Roaming Mantis is another prolific malware targeting mobile banking users. The group attacks Android devices and spreads malicious code by hijacking domain name systems (DNS) through smishing exploits. Kaspersky’s research team has been tracking the malware since 2018; and between the start of 2021 and the first half of 2022 alone, they detected almost half a million attacks in the APAC region.

Mr. Ishimaru said that although this threat group is known to target Android devices, its recent campaign has shown interest in iOS users. The group targets users by sending smishing texts with a short description and landing page URL. If a user clicks on the link and opens the landing page, they are redirected to a phishing page. For iOS users, the landing page mimics Apple’s official website; while Android devices download other malware. And once the individual enters their login credentials and performs two-factor authentication, the attacker gets to know the user’s device and login credentials.

“There is a notion that iOS is a more secure operating system,” Ishimaru said. “However, we [users] must consider two things: the growing sophistication of social engineering techniques and mobile banker’s malware arsenal, and the possibility of human error. »

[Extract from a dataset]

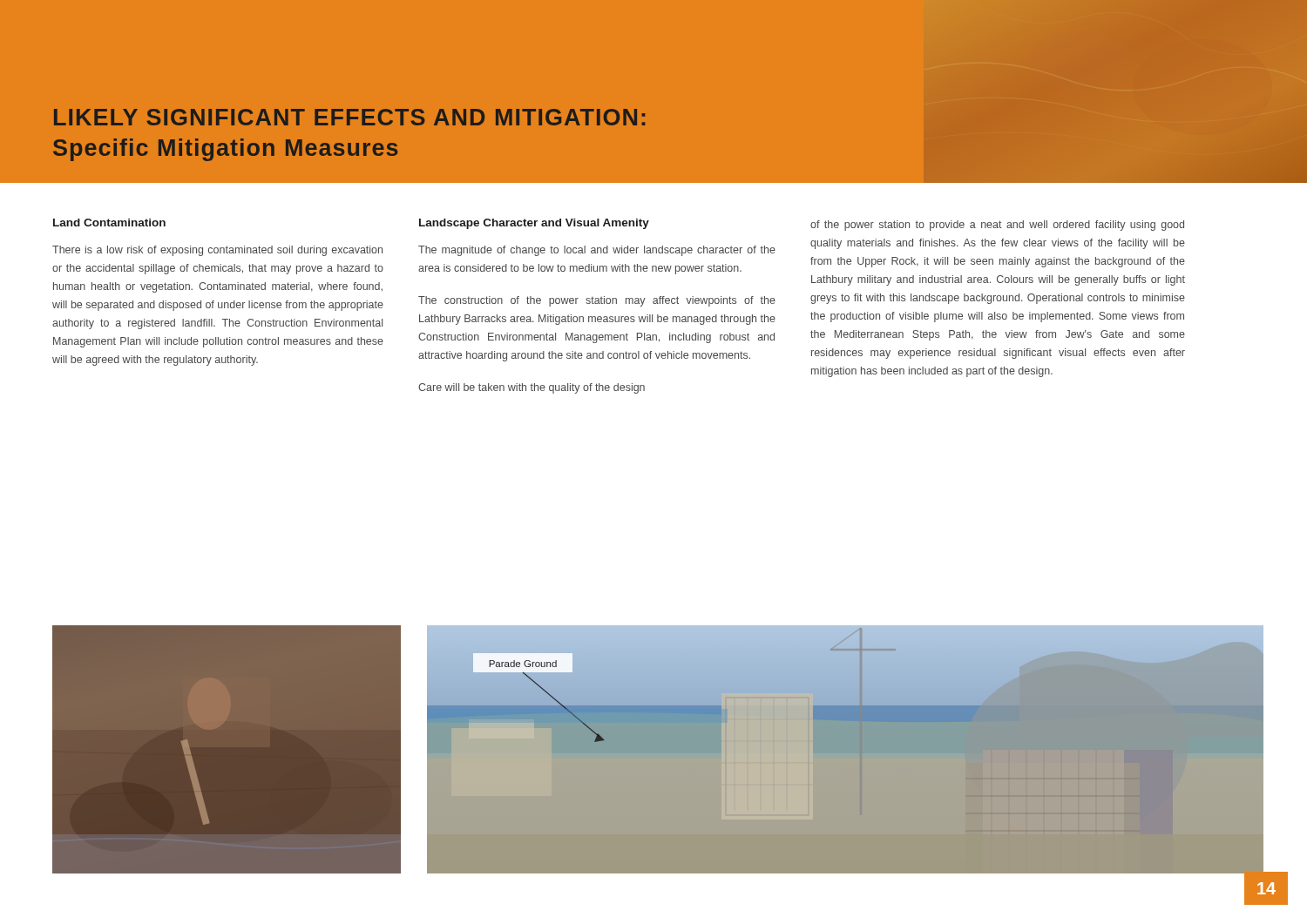The width and height of the screenshot is (1307, 924).
Task: Find the section header with the text "Landscape Character and"
Action: click(534, 222)
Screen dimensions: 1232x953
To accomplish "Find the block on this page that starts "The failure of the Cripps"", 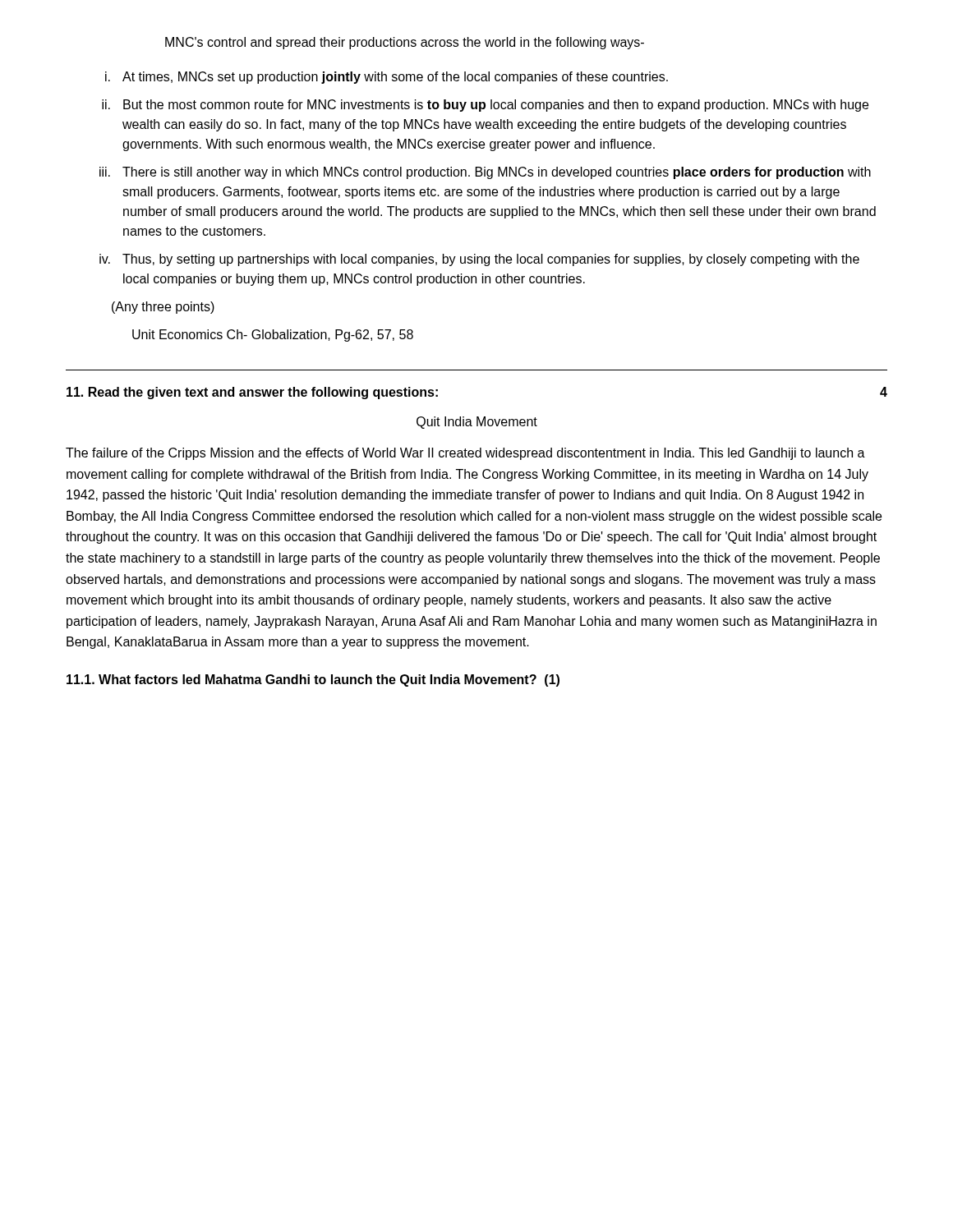I will tap(474, 548).

Interoperability Complicates Problems

Mobile payment platforms such as Google Pay, PaytM, PhonePe, Square, PayPal and Alipay have benefited from the shift in consumer adoption of mobile banking.

As a result, they have also permanently changed the payout game to their advantage. But these platforms operate in a closed-loop payment world where a Google Pay user can send money to another bank account through only the search giant’s payment platform. This is similar to how Visa and Mastercard work, as they allow payment transactions to occur only within their own networks, not between them.

That business model could change “in part because of regulators favoring open, standardized platforms that lower barriers to entry,” according to a 2022 Banking Trends report from Accenture.

Some countries are already forcing payment platform providers to change their business model. China, for example, has ordered its internet companies to offer their rival company’s matchmaking and payment services on their platforms. In India, a new law requires all licensed mobile payment platforms to be able to provide interoperability between wallets. Pressure from regulators to make payment platforms interoperable comes at a time when the demand for technical experts is a major concern in the banking industry.

The shortage of technology, engineering, data and security experts that banks need to achieve their digital aspirations tends to hide a much larger problem: the attractiveness of banks as first-choice employers for all kinds of talent has faded, adds the Accenture report. The lack of adequate cybersecurity and the shortage of talent in the banking sector could potentially lead to a further increase in cyberattacks on user devices. And until this mismatch is corrected, it pays to be cautious and extremely careful when using a mobile device to make payments. In addition to regular digital hygiene practices such as updating the phone and rebooting regularly, consumers can ensure that they only use their phone for banking when the device is connected to a VPN. secured. iOS 16 users can enable lockdown mode as it limits the functionality of the device and protects it from any potential malware.

THE ESSENTIAL

According to a 2020 Statista survey in 25 Indian states, two-thirds of respondents said they have a smartphone. Of these, half said they send and receive money digitally, and around 31% said they have a mobile app for banking. Nearly 14% said they use their mobile phone for banking purposes.

Global cybersecurity firm Kaspersky warns of an increase in cyberattacks on Android and iOS devices in the Asia-Pacific (APAC) region. A mobile banking trojan, called Anubis, has been targeting Android users since 2017. Roaming Mantis is another prolific malware targeting mobile banking users.

Regulators are pushing to make payment platforms interoperable at a time when the demand for technical experts is a major concern in the banking industry.